[AVAILABLE DATA]

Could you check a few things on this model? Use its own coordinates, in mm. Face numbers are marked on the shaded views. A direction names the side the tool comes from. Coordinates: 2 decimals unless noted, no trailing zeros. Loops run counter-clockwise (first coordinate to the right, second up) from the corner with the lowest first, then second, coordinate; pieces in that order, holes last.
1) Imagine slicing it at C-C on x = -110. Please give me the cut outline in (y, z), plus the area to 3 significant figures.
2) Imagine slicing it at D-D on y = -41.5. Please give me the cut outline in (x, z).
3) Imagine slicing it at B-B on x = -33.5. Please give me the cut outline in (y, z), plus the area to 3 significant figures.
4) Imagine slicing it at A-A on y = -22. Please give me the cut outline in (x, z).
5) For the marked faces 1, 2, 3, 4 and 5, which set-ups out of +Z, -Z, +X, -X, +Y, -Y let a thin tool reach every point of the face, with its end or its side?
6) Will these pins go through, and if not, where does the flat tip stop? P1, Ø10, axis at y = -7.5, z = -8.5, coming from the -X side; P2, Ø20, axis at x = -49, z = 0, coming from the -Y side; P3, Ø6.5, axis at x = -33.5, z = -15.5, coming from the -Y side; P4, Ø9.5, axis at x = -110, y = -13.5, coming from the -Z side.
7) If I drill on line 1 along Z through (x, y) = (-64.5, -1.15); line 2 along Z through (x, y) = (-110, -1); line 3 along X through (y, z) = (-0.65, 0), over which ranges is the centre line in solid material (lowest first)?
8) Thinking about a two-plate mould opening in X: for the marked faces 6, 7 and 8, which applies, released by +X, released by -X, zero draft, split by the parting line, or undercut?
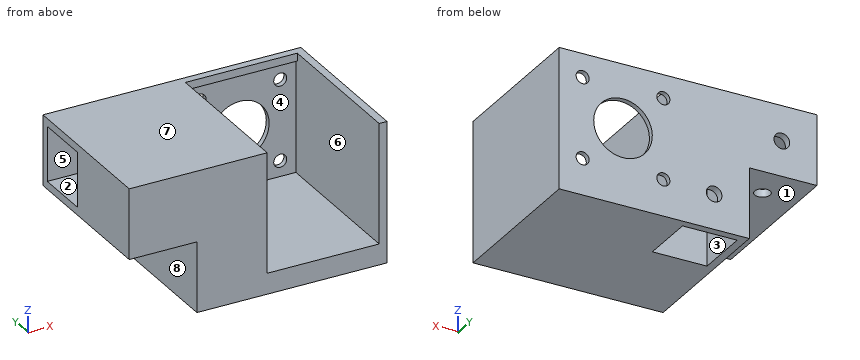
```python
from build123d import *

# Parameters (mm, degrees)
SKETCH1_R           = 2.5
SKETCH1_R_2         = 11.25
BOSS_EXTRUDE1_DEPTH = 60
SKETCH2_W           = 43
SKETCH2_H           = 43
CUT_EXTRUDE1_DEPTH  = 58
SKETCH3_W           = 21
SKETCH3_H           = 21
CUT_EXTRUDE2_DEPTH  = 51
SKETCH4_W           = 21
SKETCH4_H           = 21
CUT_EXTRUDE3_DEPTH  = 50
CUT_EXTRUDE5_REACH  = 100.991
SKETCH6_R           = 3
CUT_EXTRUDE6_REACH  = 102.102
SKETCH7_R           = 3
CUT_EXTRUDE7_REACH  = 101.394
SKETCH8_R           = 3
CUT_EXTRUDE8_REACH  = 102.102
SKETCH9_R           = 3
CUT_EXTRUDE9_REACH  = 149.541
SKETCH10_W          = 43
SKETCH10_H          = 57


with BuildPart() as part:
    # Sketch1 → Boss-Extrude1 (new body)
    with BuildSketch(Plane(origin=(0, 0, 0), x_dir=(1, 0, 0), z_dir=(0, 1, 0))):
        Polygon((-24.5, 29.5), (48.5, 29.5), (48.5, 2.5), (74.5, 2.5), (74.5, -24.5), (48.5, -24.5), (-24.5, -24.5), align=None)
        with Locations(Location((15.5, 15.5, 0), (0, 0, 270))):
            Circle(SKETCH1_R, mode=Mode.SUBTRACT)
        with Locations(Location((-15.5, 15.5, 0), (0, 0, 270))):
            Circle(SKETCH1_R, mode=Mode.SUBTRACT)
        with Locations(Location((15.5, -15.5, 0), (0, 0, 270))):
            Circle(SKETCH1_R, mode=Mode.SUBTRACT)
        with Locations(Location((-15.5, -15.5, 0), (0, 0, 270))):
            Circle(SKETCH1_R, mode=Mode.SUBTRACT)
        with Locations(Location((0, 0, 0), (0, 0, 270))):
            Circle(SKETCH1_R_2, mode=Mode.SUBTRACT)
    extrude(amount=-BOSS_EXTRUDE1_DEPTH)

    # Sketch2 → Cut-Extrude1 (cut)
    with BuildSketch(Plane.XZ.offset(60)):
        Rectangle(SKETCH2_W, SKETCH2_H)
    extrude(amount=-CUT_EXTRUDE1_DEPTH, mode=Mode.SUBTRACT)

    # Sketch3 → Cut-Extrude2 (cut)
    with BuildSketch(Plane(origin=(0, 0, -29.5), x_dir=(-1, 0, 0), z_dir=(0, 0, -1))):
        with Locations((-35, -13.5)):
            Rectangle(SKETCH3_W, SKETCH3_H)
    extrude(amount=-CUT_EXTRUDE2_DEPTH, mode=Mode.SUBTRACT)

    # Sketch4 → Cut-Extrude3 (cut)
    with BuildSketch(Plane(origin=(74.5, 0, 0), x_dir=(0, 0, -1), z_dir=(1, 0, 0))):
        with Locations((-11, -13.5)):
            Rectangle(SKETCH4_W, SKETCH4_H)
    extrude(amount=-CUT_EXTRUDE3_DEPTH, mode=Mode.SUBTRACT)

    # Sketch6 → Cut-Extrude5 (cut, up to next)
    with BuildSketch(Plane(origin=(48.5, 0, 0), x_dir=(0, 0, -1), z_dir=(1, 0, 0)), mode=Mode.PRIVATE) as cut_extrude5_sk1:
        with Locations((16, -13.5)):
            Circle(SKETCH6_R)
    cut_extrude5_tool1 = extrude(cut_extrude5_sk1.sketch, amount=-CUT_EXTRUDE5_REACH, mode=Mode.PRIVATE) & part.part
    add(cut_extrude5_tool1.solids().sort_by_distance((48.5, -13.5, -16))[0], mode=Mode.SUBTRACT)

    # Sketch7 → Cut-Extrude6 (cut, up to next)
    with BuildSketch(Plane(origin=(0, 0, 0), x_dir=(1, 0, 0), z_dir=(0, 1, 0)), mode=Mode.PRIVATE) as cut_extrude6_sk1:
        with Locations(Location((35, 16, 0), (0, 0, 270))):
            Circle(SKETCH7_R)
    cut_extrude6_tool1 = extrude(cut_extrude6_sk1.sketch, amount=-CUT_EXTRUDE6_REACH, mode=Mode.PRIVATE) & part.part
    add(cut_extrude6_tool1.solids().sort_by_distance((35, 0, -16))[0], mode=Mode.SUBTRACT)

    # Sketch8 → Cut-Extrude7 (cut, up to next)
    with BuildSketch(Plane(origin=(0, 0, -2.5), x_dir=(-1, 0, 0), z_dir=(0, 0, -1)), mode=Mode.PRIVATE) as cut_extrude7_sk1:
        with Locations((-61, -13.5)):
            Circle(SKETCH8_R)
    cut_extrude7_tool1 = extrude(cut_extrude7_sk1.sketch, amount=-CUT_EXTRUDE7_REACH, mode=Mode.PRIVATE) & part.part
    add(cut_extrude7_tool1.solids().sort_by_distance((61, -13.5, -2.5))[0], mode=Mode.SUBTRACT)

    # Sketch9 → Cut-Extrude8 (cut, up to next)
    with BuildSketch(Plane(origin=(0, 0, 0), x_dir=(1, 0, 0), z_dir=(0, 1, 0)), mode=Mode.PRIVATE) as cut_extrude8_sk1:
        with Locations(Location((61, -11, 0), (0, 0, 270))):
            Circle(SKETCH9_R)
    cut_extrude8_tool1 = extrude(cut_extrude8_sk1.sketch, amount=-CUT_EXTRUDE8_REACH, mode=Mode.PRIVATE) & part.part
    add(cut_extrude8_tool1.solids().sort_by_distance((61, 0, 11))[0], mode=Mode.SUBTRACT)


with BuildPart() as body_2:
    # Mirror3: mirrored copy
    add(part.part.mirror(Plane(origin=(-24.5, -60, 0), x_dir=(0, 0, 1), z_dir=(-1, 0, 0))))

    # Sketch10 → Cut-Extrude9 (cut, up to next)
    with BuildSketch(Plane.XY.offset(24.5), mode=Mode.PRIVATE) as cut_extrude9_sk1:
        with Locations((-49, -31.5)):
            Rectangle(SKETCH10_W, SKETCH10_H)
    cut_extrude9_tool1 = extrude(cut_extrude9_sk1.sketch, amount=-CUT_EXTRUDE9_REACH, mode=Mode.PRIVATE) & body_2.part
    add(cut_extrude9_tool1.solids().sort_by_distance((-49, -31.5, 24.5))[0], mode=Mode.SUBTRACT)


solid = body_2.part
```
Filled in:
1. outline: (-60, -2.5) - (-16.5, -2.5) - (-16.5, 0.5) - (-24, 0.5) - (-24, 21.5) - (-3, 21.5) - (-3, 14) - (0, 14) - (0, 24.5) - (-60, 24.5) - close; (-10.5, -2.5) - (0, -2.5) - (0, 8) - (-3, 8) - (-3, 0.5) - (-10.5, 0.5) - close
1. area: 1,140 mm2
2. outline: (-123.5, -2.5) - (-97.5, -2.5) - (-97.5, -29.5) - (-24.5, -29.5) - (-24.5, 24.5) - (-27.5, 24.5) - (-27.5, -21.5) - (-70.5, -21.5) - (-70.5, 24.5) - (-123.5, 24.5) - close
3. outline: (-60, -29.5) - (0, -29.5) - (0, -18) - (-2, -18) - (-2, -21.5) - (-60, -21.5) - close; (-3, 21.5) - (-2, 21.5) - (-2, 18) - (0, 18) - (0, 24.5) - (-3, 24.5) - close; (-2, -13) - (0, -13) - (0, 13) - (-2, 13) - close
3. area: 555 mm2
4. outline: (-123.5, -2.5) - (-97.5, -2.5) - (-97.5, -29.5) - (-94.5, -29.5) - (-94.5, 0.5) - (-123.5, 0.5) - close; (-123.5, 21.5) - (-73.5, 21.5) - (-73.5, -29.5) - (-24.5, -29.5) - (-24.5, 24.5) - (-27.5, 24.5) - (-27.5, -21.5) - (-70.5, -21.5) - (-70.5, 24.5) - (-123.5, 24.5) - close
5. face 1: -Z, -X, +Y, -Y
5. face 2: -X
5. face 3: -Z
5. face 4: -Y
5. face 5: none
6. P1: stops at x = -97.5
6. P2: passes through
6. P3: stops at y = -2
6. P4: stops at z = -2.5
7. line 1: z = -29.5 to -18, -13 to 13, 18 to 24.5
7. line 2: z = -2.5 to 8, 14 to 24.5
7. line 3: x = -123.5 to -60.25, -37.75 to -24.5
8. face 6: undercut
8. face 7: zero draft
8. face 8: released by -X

[/AVAILABLE DATA]

== ASSIGNMENT ==
Wherever the word "released" appears in a line of the data above, copy that line.

== TASK OUTPUT ==
8) Thinking about a two-plate mould opening in X: for the marked faces 6, 7 and 8, which applies, released by +X, released by -X, zero draft, split by the parting line, or undercut?
8. face 8: released by -X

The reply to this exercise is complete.